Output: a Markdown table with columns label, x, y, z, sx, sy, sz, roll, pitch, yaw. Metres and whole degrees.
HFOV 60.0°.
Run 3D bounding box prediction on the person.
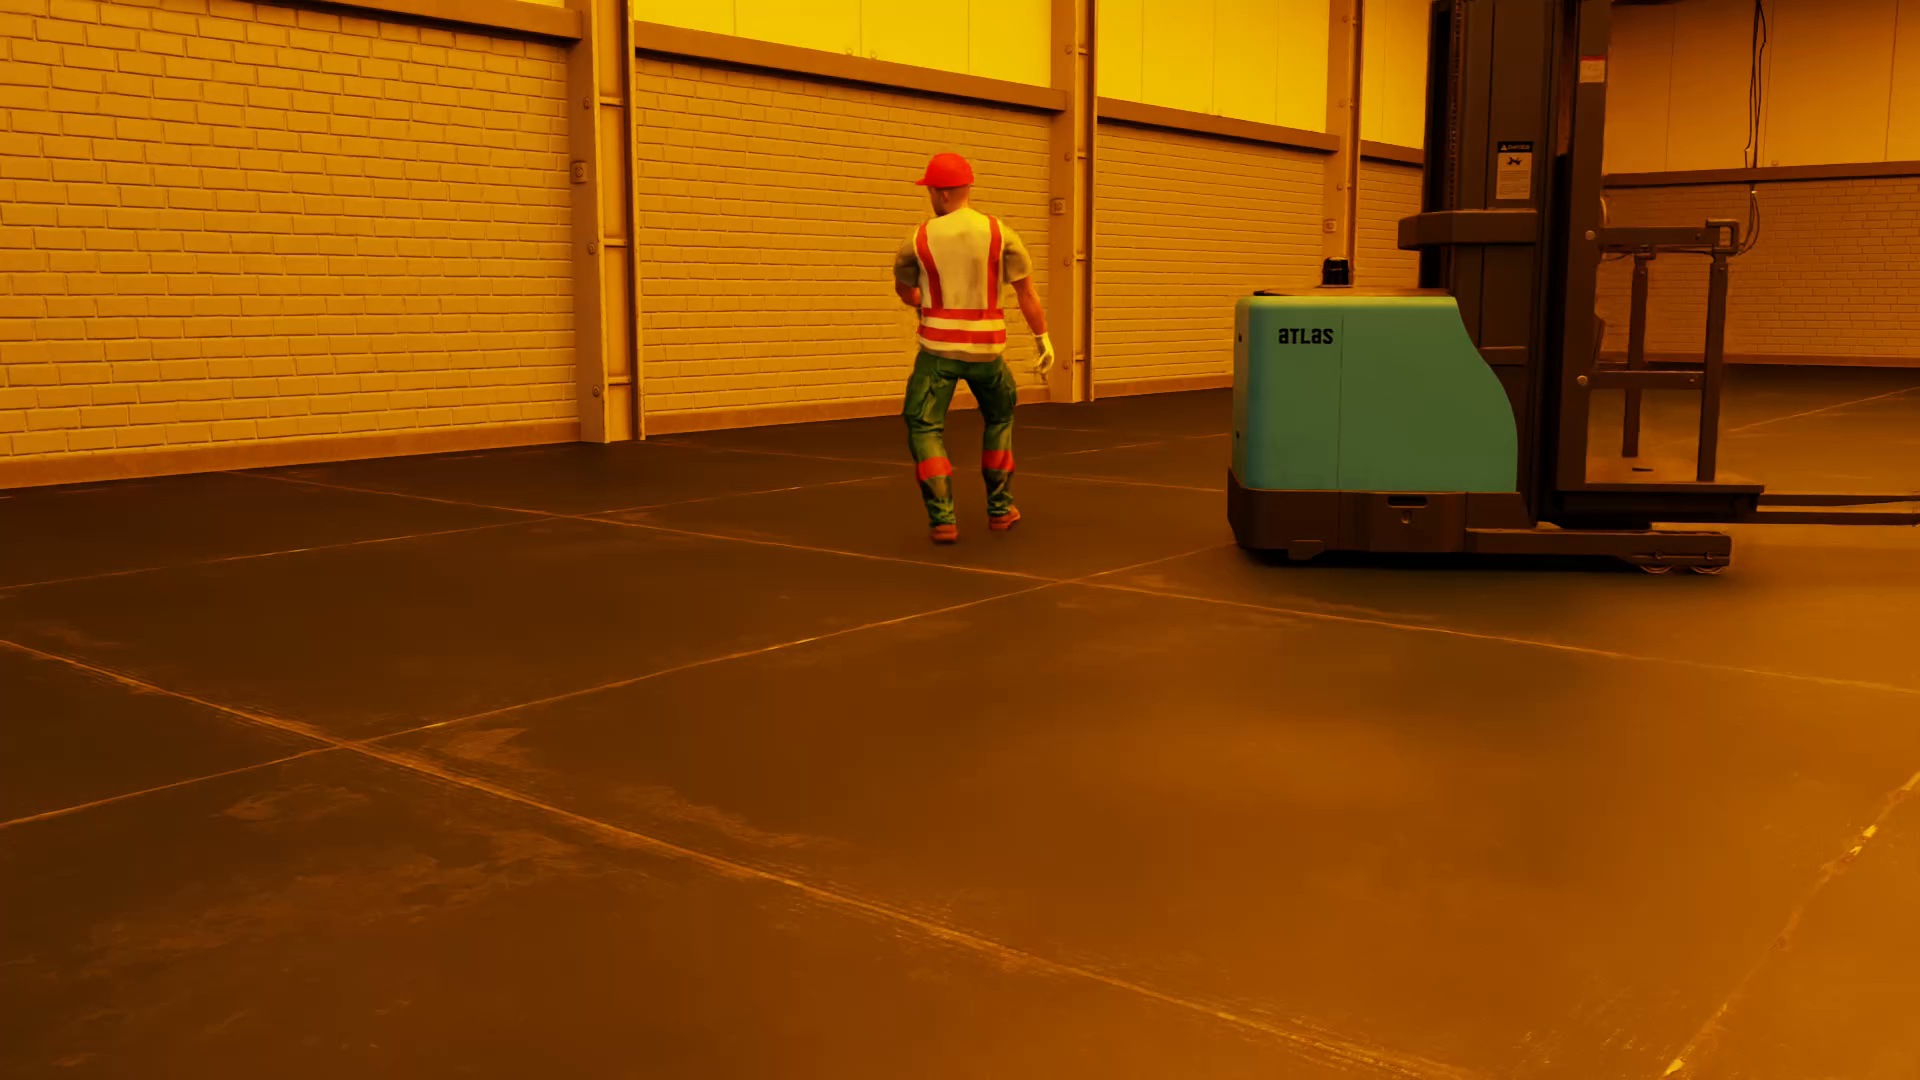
| label | x | y | z | sx | sy | sz | roll | pitch | yaw |
| --- | --- | --- | --- | --- | --- | --- | --- | --- | --- |
| person | 0.054 | -0.880 | 7.577 | 0.722 | 1.704 | 0.818 | -2 | 9 | -14 |

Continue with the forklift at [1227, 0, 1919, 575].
| label | x | y | z | sx | sy | sz | roll | pitch | yaw |
| --- | --- | --- | --- | --- | --- | --- | --- | --- | --- |
| forklift | 2.686 | -1.396 | 6.823 | 3.031 | 2.935 | 1.130 | 1 | 8 | 6 |

○ ○ ○

• WORK TO BE COMPLETED: Exact reproduction is required for the lines from the one containing "Run 3D bounding box prediction on the person." through the end of the material, and for those lines only, without pictures.

• RESULT OF THIS TASK:
Run 3D bounding box prediction on the person.
| label | x | y | z | sx | sy | sz | roll | pitch | yaw |
| --- | --- | --- | --- | --- | --- | --- | --- | --- | --- |
| person | 0.054 | -0.880 | 7.577 | 0.722 | 1.704 | 0.818 | -2 | 9 | -14 |

Continue with the forklift at [1227, 0, 1919, 575].
| label | x | y | z | sx | sy | sz | roll | pitch | yaw |
| --- | --- | --- | --- | --- | --- | --- | --- | --- | --- |
| forklift | 2.686 | -1.396 | 6.823 | 3.031 | 2.935 | 1.130 | 1 | 8 | 6 |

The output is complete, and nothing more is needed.